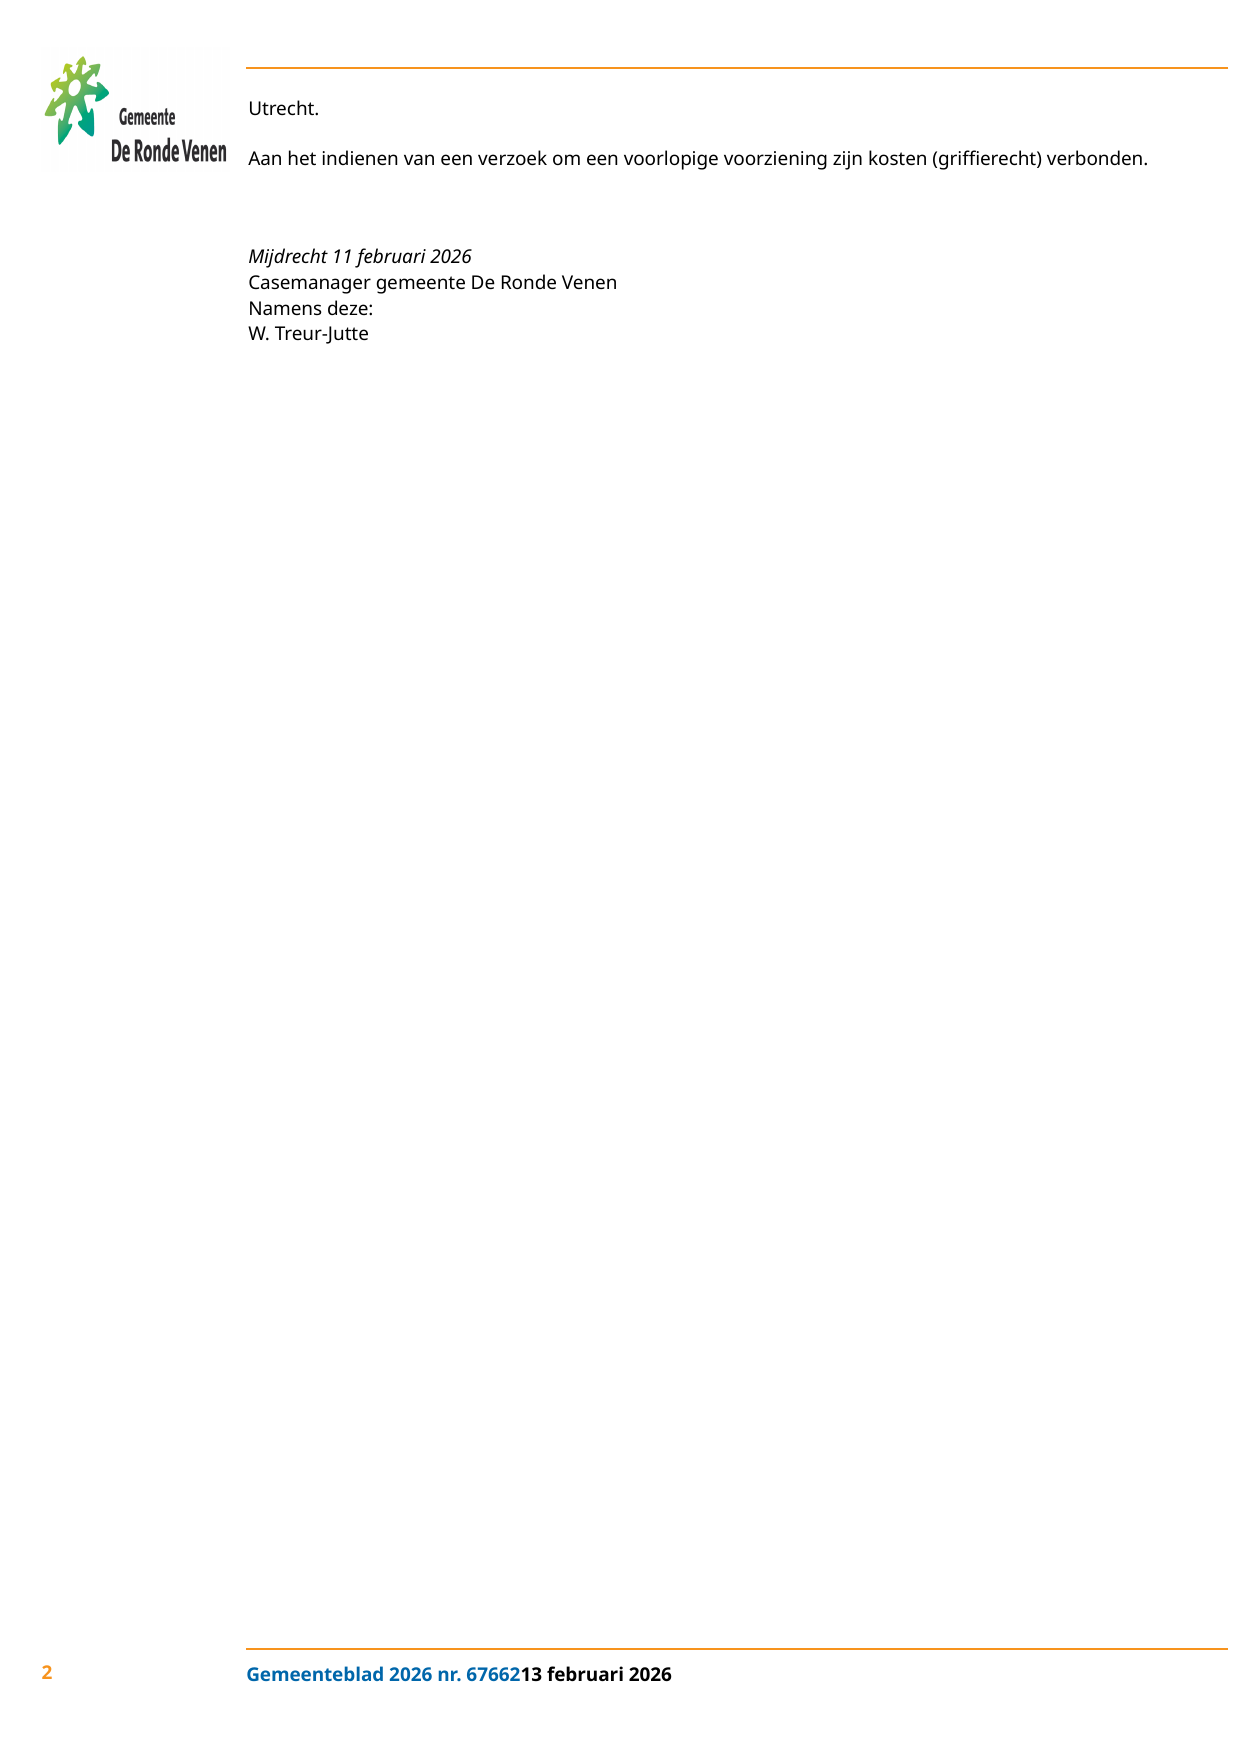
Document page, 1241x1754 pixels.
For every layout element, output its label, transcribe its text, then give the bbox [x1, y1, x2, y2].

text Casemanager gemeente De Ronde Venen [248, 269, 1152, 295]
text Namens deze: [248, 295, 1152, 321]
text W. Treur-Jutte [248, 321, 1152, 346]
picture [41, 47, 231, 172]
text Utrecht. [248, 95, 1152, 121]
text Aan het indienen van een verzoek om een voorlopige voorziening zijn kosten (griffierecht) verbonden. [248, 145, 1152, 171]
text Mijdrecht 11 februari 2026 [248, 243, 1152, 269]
● ● ● ● ● ● ●
*Work order*: Write down the full listing above exactly as it is, except for any images.

*Finished exercise*:
Document page, 1241x1754 pixels.
For every layout element, output its label, transcribe its text, then give the bbox [x1, y1, x2, y2].

text Casemanager gemeente De Ronde Venen [248, 269, 1152, 295]
text Namens deze: [248, 295, 1152, 321]
text W. Treur-Jutte [248, 321, 1152, 346]
picture [41, 47, 231, 172]
text Utrecht. [248, 95, 1152, 121]
text Aan het indienen van een verzoek om een voorlopige voorziening zijn kosten (griffierecht) verbonden. [248, 145, 1152, 171]
text Mijdrecht 11 februari 2026 [248, 243, 1152, 269]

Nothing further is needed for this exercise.